- Work task -
As the answer, set down the lines below from the one containing "Item 6: First-contact" through the one containing "q1.outline = (0, 23.8)", exactly and inclusively, and no others.

- Study material -
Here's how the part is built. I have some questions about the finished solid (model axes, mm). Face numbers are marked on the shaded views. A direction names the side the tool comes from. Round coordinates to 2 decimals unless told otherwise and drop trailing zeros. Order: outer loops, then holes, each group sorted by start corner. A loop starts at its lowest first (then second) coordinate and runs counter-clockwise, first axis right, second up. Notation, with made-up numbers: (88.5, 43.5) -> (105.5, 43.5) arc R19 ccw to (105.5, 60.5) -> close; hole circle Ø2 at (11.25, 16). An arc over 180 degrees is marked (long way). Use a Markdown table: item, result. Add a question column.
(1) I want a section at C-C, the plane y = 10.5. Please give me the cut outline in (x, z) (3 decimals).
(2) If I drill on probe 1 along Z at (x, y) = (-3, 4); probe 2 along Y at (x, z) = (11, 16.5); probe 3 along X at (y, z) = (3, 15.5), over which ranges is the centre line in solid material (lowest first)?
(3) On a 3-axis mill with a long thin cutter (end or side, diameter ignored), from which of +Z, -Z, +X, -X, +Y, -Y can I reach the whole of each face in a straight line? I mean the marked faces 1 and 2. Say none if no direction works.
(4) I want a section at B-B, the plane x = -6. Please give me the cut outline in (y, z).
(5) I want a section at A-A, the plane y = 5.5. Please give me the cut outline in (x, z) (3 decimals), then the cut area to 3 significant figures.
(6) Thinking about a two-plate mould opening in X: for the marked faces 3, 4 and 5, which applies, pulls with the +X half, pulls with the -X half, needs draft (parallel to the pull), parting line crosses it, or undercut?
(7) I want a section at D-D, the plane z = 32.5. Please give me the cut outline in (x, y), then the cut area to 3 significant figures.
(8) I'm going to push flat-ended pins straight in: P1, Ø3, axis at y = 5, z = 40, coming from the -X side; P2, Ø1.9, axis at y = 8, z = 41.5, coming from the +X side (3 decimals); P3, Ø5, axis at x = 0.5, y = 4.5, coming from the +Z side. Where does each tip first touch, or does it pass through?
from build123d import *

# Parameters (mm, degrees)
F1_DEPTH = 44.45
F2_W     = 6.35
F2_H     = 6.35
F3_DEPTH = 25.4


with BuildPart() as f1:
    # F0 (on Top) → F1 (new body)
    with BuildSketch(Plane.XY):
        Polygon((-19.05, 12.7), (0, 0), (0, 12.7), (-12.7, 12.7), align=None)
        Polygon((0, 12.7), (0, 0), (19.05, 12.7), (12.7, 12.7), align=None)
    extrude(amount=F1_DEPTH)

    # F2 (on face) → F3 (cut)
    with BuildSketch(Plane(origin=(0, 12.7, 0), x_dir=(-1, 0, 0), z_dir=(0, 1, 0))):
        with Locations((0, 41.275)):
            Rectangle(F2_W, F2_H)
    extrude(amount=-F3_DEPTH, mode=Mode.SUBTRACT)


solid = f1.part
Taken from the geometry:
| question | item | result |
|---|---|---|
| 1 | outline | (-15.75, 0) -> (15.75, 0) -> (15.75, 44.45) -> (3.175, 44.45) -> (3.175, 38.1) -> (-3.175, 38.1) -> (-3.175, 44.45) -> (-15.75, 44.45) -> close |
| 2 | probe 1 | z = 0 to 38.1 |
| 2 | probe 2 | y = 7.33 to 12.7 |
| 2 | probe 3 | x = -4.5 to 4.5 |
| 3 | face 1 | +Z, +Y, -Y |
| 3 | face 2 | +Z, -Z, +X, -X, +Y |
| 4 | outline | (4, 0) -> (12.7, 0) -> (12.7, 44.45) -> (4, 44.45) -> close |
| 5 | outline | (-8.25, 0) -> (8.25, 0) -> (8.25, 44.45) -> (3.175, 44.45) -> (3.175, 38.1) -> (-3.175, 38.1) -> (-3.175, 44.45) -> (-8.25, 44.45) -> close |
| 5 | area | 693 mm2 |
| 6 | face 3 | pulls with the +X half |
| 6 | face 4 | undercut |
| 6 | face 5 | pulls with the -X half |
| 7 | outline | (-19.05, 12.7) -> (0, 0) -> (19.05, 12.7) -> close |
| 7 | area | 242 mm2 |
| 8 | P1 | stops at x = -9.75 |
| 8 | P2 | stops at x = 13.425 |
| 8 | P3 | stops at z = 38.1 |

* * *

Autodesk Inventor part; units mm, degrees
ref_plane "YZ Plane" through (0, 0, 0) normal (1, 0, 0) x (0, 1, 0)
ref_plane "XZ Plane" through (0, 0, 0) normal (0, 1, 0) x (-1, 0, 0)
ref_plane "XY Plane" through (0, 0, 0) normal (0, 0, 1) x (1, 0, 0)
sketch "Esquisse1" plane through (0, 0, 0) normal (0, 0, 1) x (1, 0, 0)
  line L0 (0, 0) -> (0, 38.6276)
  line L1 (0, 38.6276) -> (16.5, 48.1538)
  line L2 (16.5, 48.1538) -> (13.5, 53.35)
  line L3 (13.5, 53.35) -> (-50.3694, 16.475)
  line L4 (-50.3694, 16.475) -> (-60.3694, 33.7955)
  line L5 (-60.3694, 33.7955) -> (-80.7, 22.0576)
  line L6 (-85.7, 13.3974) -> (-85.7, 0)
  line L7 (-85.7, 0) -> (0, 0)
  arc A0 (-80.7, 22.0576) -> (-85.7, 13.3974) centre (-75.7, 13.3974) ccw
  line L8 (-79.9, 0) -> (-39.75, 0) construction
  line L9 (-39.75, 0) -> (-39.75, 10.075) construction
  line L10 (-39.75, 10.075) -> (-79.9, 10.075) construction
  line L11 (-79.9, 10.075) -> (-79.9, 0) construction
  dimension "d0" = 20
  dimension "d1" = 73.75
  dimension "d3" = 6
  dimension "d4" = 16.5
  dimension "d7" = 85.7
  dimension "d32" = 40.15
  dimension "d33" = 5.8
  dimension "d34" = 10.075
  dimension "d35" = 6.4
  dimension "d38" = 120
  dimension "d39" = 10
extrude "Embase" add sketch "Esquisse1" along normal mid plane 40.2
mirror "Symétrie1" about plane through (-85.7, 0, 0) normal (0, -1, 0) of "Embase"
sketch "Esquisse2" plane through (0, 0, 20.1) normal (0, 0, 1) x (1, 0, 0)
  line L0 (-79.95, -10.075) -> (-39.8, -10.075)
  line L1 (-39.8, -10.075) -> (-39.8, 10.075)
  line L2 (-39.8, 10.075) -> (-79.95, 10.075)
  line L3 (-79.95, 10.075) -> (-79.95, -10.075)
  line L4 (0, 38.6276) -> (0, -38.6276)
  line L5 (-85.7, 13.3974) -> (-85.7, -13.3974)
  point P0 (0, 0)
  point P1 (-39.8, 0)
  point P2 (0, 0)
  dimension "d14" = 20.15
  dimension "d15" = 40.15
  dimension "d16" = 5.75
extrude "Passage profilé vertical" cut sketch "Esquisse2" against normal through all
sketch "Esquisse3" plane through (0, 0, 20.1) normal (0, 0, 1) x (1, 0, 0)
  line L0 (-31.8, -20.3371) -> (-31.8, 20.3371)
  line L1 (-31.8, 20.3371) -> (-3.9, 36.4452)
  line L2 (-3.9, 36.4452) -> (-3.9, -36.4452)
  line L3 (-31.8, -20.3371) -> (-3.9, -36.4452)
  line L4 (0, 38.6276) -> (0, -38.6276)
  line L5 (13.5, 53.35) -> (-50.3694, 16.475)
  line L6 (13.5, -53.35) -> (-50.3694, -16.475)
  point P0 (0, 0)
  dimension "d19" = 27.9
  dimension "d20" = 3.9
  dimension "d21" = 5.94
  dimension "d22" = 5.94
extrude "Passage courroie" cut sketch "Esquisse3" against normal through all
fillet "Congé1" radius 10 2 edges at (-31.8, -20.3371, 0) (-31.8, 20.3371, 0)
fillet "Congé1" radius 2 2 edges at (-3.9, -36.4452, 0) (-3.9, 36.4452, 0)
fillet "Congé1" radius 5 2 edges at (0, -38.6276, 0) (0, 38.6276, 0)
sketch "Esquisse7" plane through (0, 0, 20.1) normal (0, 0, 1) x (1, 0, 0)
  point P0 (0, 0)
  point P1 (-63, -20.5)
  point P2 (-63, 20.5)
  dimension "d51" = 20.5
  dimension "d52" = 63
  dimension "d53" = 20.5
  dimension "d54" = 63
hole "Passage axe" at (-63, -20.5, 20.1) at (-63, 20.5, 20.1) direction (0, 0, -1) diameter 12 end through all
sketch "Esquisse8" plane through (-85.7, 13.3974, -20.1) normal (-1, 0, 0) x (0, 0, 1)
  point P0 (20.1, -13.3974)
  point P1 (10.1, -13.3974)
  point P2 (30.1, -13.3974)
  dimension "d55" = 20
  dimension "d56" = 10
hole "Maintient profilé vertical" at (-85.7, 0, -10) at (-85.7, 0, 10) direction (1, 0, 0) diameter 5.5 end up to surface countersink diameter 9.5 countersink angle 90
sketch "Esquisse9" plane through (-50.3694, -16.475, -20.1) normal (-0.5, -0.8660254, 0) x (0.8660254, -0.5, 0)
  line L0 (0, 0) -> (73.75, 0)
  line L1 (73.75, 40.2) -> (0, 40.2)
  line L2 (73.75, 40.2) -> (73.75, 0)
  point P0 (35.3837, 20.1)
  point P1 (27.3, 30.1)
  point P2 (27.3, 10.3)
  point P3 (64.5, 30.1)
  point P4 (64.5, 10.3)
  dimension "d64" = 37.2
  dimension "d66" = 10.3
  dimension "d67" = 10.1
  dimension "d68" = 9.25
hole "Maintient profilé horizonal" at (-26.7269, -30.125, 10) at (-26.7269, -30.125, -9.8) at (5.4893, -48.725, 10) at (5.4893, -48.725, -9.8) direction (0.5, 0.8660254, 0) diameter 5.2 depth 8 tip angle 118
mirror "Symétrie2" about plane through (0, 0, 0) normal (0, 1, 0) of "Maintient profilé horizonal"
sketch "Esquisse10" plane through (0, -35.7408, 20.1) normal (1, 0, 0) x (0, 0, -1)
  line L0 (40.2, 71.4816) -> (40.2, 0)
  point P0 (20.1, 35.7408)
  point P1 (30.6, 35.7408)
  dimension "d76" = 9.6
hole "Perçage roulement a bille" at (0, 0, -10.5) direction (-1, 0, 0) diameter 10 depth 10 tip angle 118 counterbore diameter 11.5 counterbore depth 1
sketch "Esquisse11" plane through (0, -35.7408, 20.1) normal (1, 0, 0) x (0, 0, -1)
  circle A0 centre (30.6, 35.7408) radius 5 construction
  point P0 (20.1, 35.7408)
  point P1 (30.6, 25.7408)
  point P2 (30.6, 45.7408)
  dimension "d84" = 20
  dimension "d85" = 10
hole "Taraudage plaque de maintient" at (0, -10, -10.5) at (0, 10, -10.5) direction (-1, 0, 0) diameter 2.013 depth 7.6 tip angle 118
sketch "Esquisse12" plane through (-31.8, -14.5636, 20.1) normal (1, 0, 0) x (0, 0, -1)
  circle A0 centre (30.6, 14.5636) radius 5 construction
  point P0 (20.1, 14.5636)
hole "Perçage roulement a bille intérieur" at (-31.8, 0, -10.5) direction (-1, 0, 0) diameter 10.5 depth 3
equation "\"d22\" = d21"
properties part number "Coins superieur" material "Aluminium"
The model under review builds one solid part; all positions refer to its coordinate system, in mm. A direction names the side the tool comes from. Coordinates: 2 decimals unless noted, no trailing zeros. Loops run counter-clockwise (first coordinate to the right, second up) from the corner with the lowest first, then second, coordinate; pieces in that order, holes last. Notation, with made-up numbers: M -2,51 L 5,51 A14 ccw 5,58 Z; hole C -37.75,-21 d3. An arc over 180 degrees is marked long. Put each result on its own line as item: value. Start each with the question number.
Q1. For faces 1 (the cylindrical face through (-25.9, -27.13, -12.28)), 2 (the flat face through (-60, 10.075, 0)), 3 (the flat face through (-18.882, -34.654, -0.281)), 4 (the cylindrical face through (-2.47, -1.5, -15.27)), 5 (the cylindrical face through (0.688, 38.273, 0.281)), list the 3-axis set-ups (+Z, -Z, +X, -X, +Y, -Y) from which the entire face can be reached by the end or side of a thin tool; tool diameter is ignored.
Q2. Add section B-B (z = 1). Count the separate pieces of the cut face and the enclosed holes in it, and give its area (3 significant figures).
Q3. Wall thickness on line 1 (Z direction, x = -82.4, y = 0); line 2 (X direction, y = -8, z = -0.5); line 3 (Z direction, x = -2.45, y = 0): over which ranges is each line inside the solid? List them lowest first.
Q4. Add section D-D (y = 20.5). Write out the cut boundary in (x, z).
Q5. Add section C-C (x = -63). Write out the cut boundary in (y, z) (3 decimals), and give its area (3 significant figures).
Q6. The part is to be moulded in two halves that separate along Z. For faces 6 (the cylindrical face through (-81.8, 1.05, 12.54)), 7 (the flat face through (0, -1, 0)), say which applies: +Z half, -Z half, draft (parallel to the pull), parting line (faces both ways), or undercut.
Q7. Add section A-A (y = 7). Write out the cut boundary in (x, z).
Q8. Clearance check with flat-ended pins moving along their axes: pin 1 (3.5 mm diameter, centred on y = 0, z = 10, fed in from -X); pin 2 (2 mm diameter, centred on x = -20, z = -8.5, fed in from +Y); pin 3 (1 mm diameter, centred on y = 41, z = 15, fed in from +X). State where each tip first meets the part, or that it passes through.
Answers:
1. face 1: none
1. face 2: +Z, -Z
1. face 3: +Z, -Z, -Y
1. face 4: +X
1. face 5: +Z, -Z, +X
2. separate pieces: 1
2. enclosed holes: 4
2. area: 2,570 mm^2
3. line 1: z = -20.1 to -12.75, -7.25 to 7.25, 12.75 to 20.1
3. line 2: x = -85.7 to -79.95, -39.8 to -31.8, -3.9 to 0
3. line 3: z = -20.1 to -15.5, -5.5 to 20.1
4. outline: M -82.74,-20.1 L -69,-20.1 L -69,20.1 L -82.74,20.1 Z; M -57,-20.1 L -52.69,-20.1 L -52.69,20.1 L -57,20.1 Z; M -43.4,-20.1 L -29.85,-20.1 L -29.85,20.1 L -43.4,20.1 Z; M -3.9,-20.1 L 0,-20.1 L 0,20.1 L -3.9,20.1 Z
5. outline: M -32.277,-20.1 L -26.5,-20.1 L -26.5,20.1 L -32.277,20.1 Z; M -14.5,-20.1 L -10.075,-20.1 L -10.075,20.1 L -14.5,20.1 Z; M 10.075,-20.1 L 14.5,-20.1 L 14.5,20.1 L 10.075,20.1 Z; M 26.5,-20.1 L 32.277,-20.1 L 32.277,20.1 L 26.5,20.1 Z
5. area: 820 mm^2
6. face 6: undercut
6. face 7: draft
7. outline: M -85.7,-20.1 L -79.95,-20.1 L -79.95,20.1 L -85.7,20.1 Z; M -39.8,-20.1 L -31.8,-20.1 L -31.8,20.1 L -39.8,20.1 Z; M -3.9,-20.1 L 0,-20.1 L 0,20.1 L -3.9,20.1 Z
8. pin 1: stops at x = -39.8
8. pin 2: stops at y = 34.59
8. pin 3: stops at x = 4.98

...

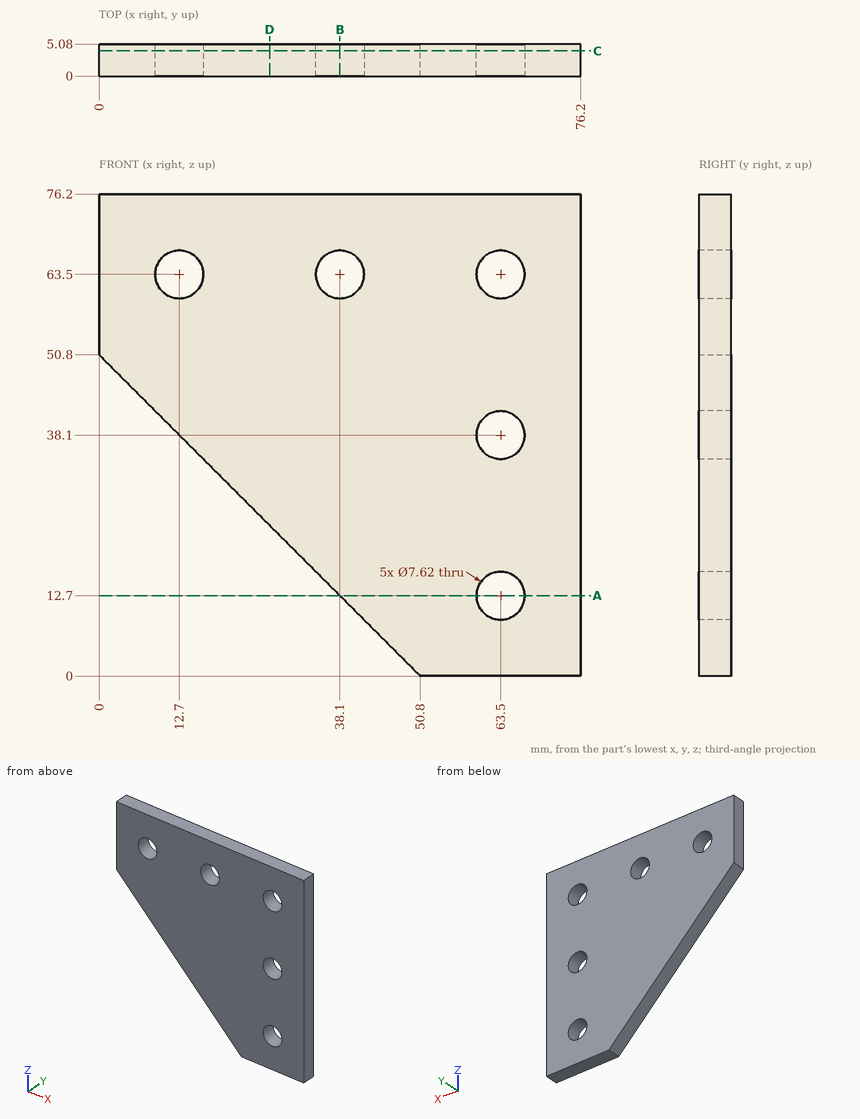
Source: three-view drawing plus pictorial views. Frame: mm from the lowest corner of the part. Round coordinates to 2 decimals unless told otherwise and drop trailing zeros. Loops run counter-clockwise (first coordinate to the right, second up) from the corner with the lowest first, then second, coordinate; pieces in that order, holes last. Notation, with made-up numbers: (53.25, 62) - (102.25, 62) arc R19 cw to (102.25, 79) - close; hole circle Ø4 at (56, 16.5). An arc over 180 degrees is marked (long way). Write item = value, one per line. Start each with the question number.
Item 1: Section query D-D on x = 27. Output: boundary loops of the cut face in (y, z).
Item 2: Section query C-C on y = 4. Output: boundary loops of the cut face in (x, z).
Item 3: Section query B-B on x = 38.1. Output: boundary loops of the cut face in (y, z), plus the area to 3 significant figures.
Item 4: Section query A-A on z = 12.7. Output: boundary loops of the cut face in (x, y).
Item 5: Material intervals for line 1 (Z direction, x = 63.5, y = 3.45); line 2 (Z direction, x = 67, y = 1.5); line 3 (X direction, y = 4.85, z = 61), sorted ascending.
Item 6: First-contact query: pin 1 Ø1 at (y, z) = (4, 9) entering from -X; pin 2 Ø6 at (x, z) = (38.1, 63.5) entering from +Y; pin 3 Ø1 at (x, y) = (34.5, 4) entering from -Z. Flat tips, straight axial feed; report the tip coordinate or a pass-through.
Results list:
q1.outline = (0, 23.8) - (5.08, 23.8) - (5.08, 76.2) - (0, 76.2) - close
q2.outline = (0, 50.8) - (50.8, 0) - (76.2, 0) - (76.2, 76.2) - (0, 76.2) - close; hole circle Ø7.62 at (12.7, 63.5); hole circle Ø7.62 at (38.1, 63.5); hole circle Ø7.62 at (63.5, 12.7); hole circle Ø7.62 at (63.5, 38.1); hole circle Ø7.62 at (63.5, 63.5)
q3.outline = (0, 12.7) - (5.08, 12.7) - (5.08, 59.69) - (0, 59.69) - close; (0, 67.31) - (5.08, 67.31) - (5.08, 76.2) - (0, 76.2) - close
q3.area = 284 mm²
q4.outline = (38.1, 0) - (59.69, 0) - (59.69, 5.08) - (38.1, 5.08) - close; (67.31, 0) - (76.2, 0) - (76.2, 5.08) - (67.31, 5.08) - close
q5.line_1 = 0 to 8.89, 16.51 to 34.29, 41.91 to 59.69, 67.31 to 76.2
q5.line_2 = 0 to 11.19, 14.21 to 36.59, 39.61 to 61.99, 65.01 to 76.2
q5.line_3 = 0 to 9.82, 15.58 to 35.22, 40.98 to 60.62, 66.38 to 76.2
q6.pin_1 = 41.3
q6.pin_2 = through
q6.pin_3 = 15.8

- Solution to the exercise -
Item 6: First-contact query: pin 1 Ø1 at (y, z) = (4, 9) entering from -X; pin 2 Ø6 at (x, z) = (38.1, 63.5) entering from +Y; pin 3 Ø1 at (x, y) = (34.5, 4) entering from -Z. Flat tips, straight axial feed; report the tip coordinate or a pass-through.
Results list:
q1.outline = (0, 23.8) - (5.08, 23.8) - (5.08, 76.2) - (0, 76.2) - close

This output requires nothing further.